▶ Task prompt:
Look below for the line that contains "Locate the element", then copy it and each following line to the end of the records, minus any pictures.

▶ Data for the task:
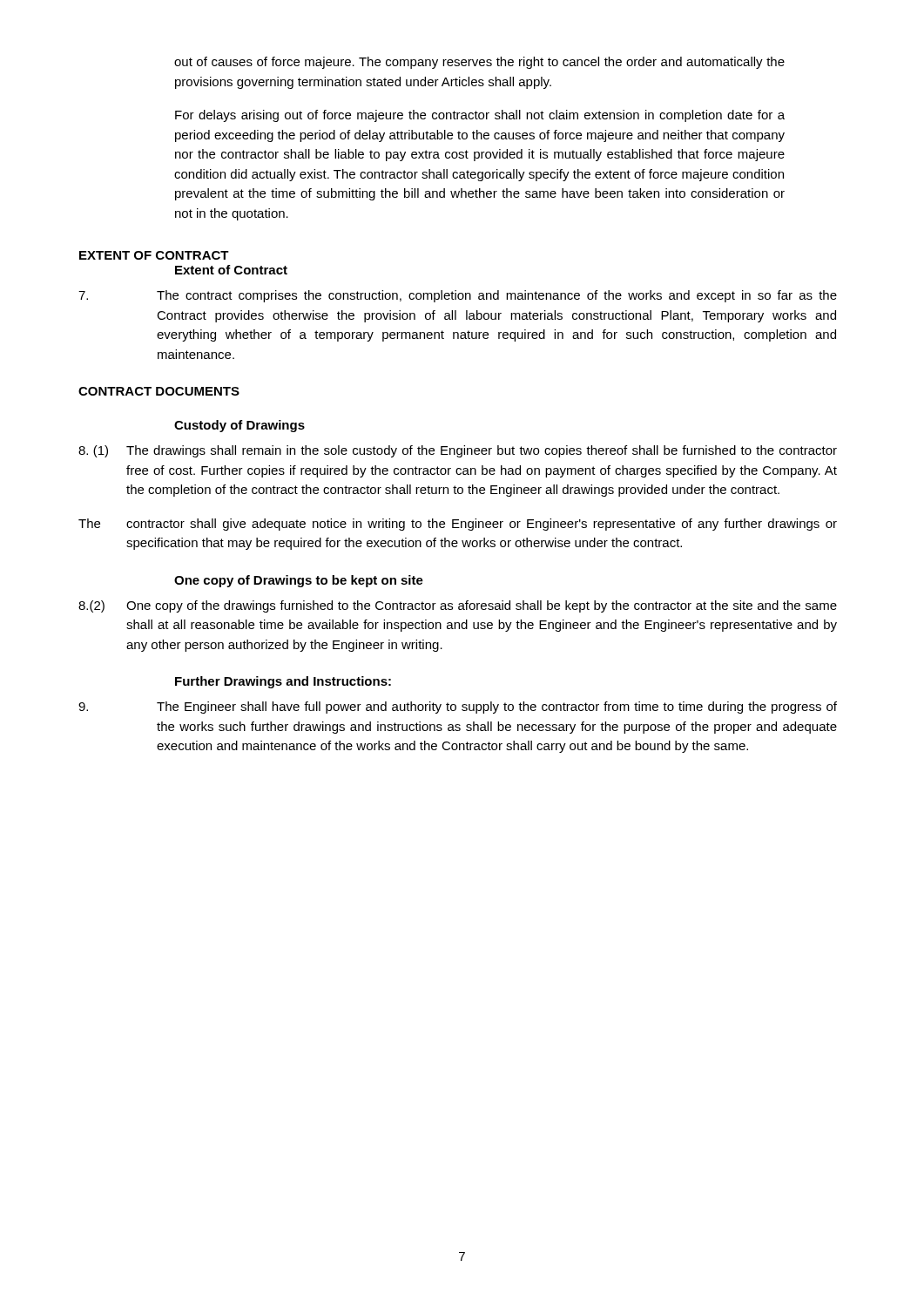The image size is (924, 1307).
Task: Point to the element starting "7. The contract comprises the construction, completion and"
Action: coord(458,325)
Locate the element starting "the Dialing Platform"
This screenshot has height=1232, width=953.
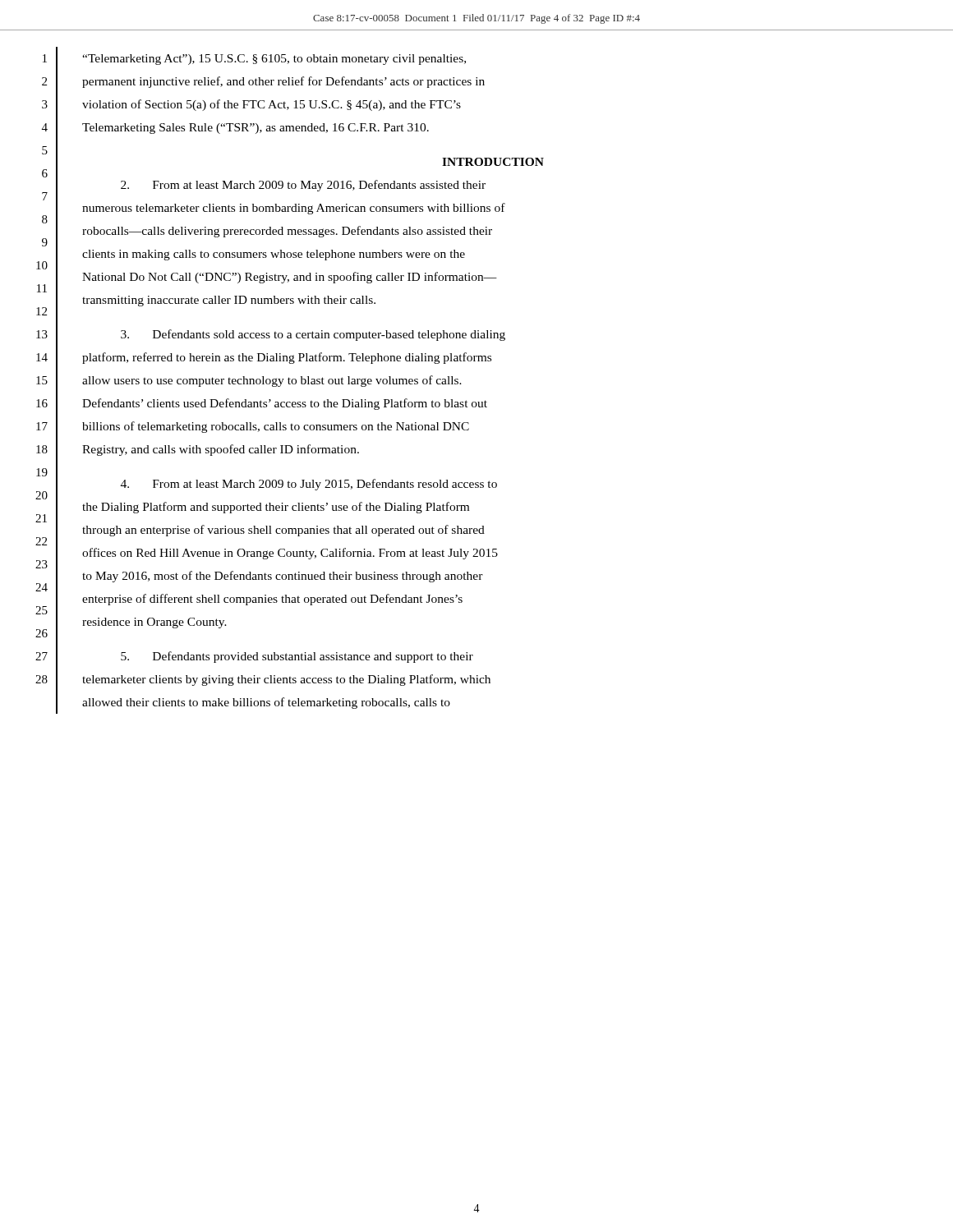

▶ Your solution:
Locate the element starting "the Dialing Platform"
This screenshot has height=1232, width=953.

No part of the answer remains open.